Lecture 18: SVM I

Data Science 1: CS 109A/STAT 121A/AC 209A/ E 109A
Instructors: Pavlos Protopapas, Kevin Rader, Rahul Dave

Harvard University
Fall 2017


Import libraries

In [14]:
import pandas as pd
import sys
import numpy as np
import scipy as sp
import matplotlib.pyplot as plt
import seaborn as sns
from sklearn.preprocessing import MinMaxScaler
from sklearn.model_selection import KFold
from sklearn.linear_model import LinearRegression
from sklearn.linear_model import Ridge
from sklearn.linear_model import LogisticRegression
from sklearn.linear_model import Lasso
from sklearn.preprocessing import PolynomialFeatures
from sklearn.neighbors import KNeighborsRegressor
from sklearn.decomposition import PCA
from sklearn import tree
from sklearn import ensemble
from sklearn.tree import DecisionTreeClassifier
from sklearn import svm
sns.set(style="ticks")
%matplotlib inline

%matplotlib inline
In [7]:
#--------  plot_decision_boundary
# A function that visualizes the data and the decision boundaries
# Input: 
#      x (predictors)
#      y (labels)
#      model (classifier)
#      poly_flag (fits quadratic model if true, otherwise linear)
#      title (title for plot)
#      ax (a set of axes to plot on)
# Returns: 
#      ax (axes with data and decision boundaries)
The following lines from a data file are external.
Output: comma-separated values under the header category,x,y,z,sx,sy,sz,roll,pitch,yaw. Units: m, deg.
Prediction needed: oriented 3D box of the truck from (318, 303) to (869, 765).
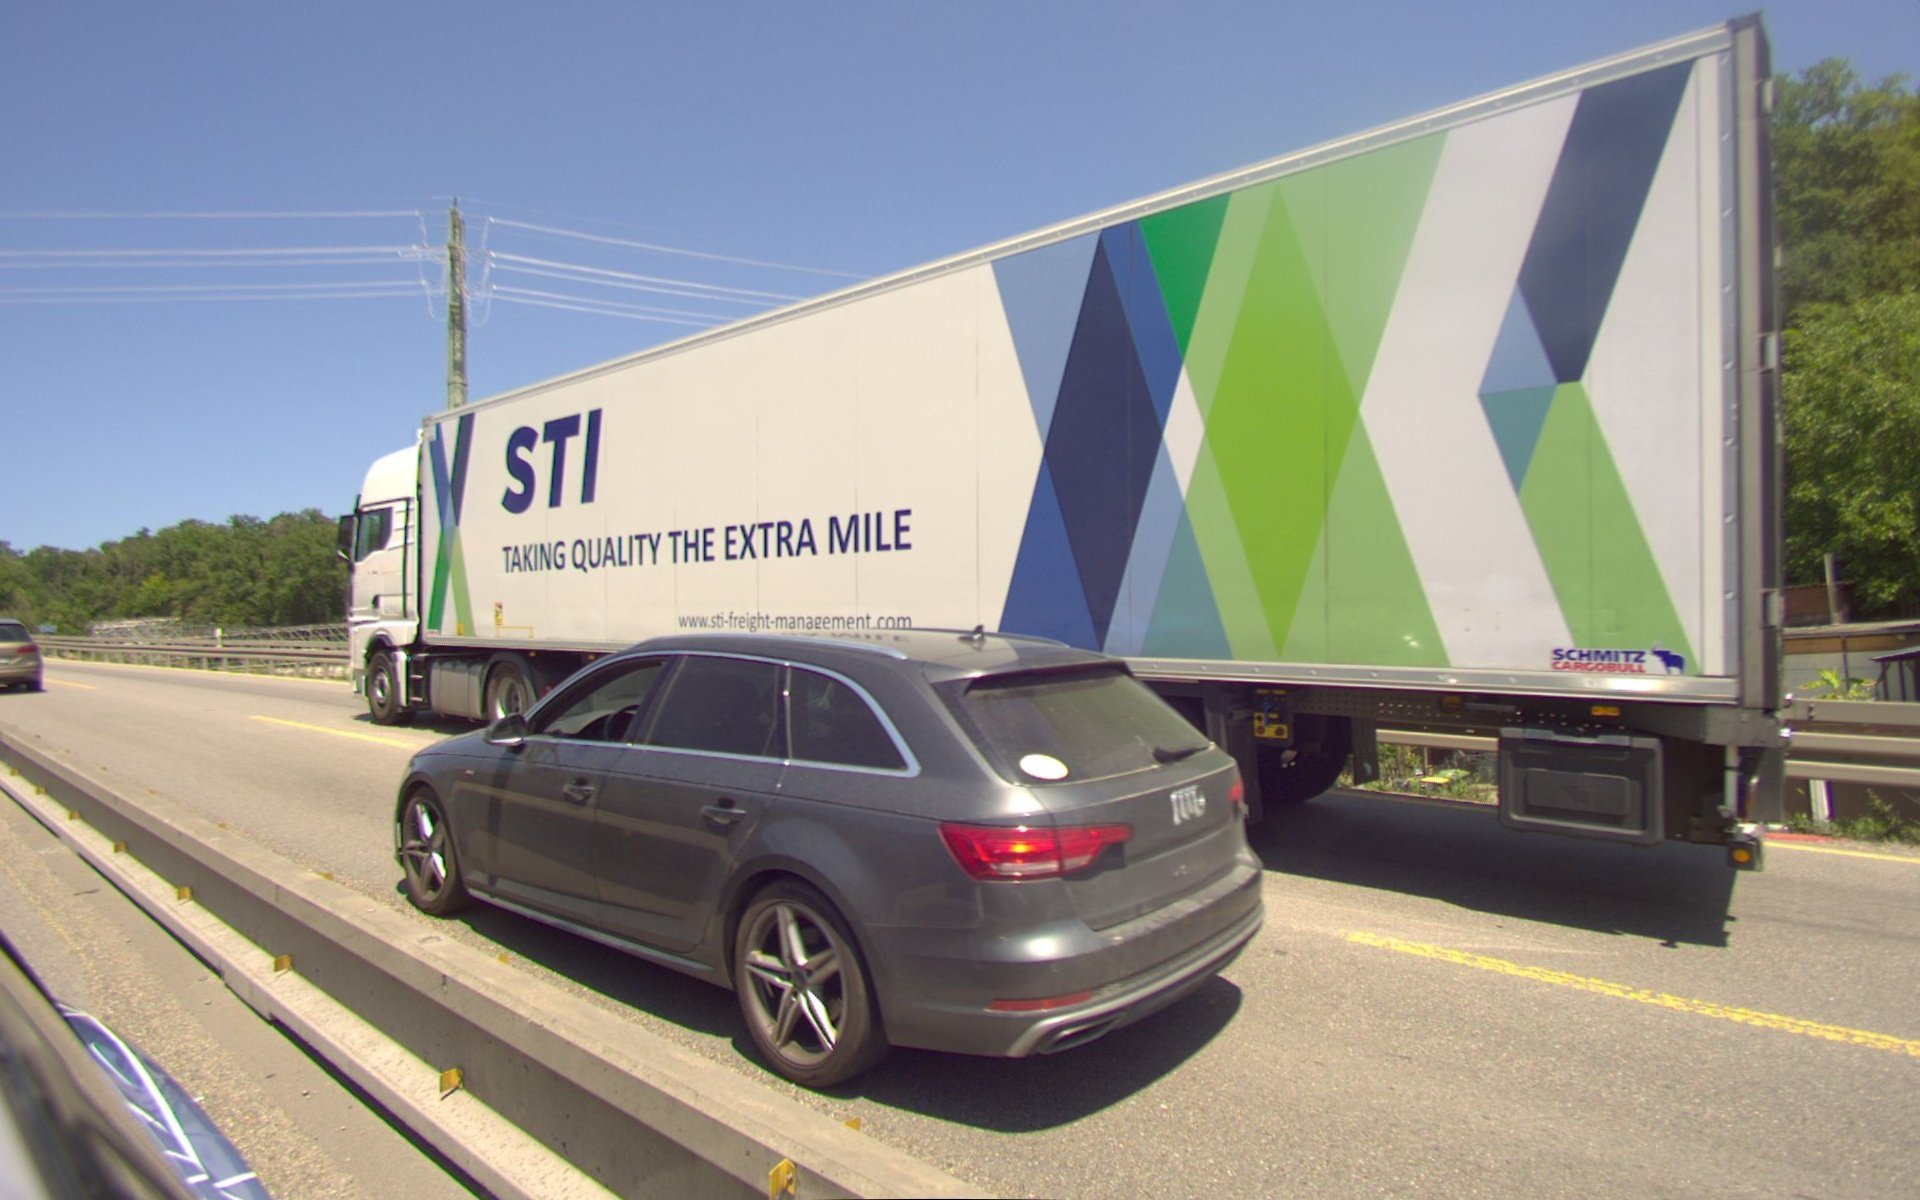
category,x,y,z,sx,sy,sz,roll,pitch,yaw
truck,-5.309,-0.579,13.560,8.295,4.395,3.270,-1,-1,40

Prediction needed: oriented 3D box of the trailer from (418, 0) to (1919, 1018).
category,x,y,z,sx,sy,sz,roll,pitch,yaw
trailer,-0.603,-0.602,9.458,14.053,4.411,3.218,-1,-1,42

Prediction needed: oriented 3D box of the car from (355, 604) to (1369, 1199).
category,x,y,z,sx,sy,sz,roll,pitch,yaw
car,-0.853,0.795,4.476,4.632,1.464,1.771,-1,-2,41

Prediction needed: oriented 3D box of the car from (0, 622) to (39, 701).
category,x,y,z,sx,sy,sz,roll,pitch,yaw
car,-21.135,1.264,21.455,3.996,1.586,1.827,-1,-1,39

def plot_decision_boundary(x, y, model, title, ax, bounds=(0, 1), poly_flag=False):
    # Plot data
    ax.scatter(x[y == 1, 0], x[y == 1, 1], c='green')
    ax.scatter(x[y == 0, 0], x[y == 0, 1], c='gray', alpha=0.3)
    
    # Create mesh
    interval = np.arange(bounds[0], bounds[1], 0.01)
    n = np.size(interval)
    x1, x2 = np.meshgrid(interval, interval)
    x1 = x1.reshape(-1, 1)
    x2 = x2.reshape(-1, 1)
    xx = np.concatenate((x1, x2), axis=1)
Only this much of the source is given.